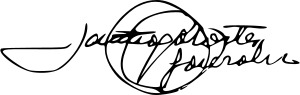
Signature of: santiago cortés gonzález
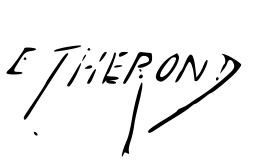
Signature of: émile théodore therond
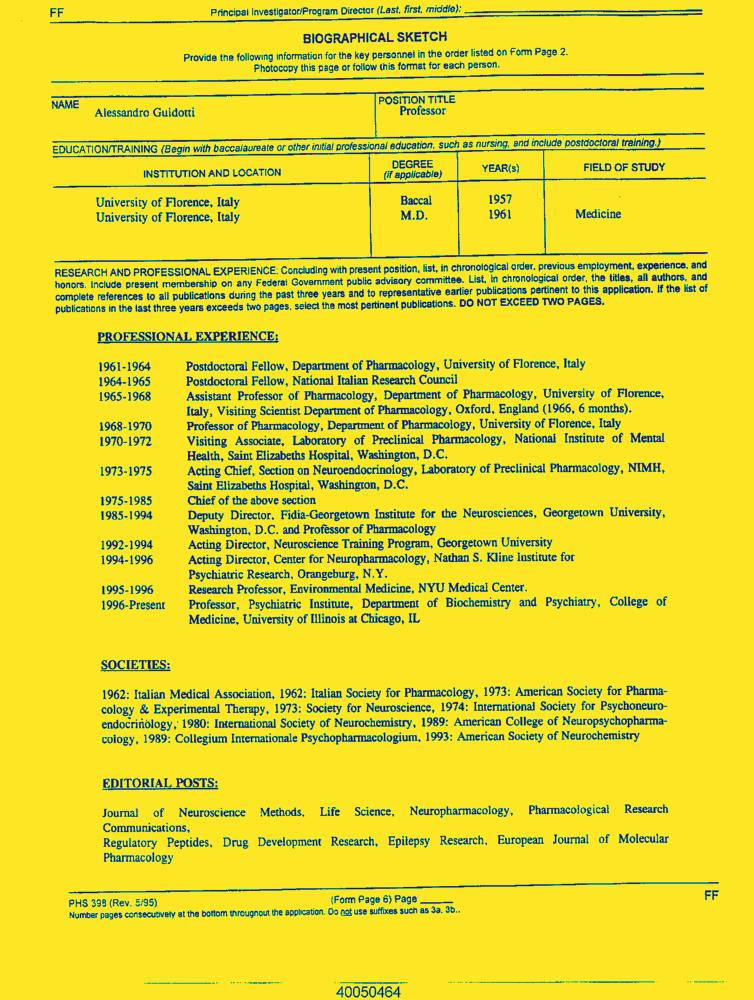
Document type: Resume-Doc
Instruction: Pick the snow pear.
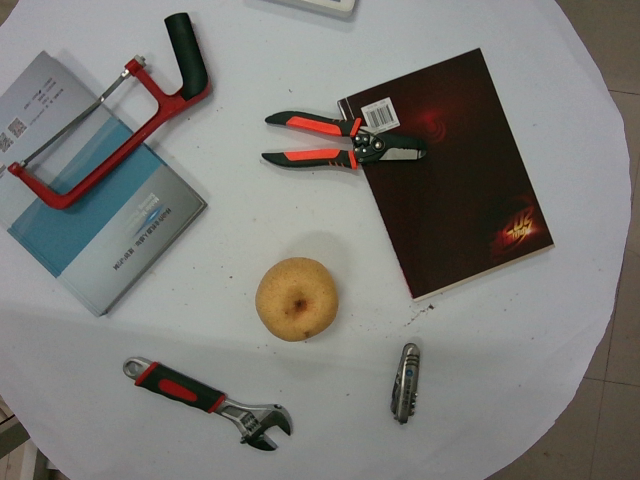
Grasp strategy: vertical
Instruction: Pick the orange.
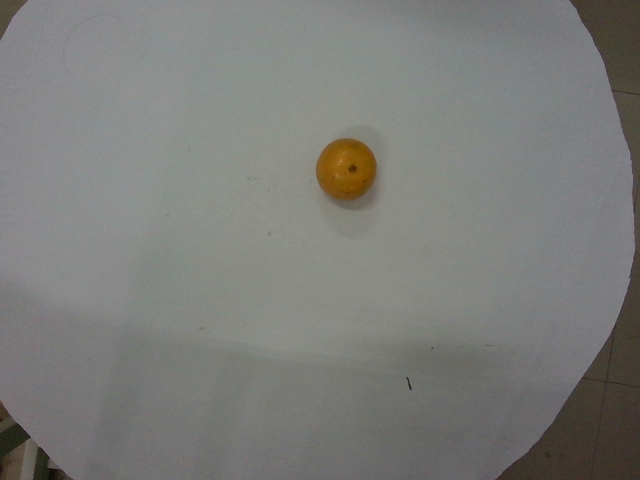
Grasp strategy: vertical
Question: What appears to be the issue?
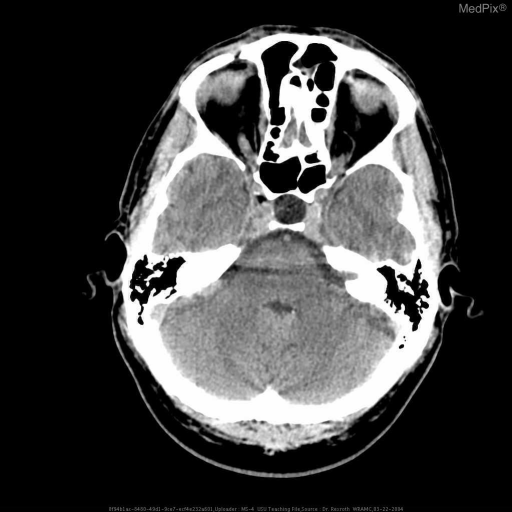
Answer: The findings suggest Focal cyst like collection of fluid at the sella turcica which minimally displaces the pituitary tissue inferiorly and the surrounds the pituitary infundibulum, but does not displace it. The sella is minimally expanded to 1.6 cm in diameter.. Focal cyst like collection of fluid at the sella turcica which minimally displaces the pituitary tissue inferiorly and the surrounds the pituitary infundibulum, but does not displace it. The sella is expanded to 1.6 cm in diameter.. The patient might have a history of 53 yo male with acute onset of severe headache.
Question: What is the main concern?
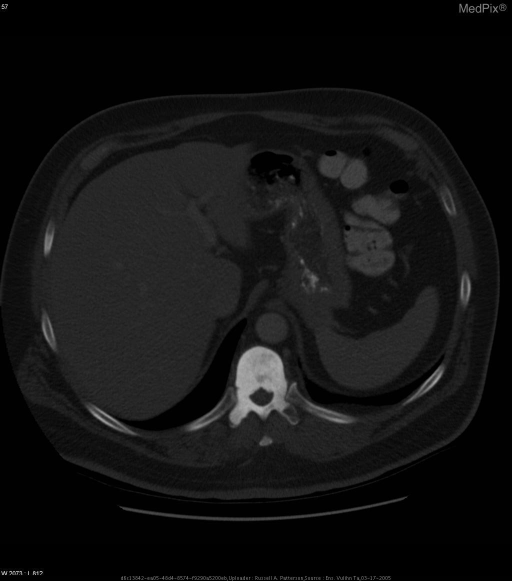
++++++++
◆ Task directions
Restate word for word, please, the line containing "Document type: Resume-Doc" and all lines after it through the end of the material; the pictures do not belong in the copy.

◆ Output of the task
Document type: Resume-Doc
Instruction: Pick the snow pear.
Grasp strategy: vertical
Instruction: Pick the orange.
Grasp strategy: vertical
Question: What appears to be the issue?
Answer: The findings suggest Focal cyst like collection of fluid at the sella turcica which minimally displaces the pituitary tissue inferiorly and the surrounds the pituitary infundibulum, but does not displace it. The sella is minimally expanded to 1.6 cm in diameter.. Focal cyst like collection of fluid at the sella turcica which minimally displaces the pituitary tissue inferiorly and the surrounds the pituitary infundibulum, but does not displace it. The sella is expanded to 1.6 cm in diameter.. The patient might have a history of 53 yo male with acute onset of severe headache.
Question: What is the main concern?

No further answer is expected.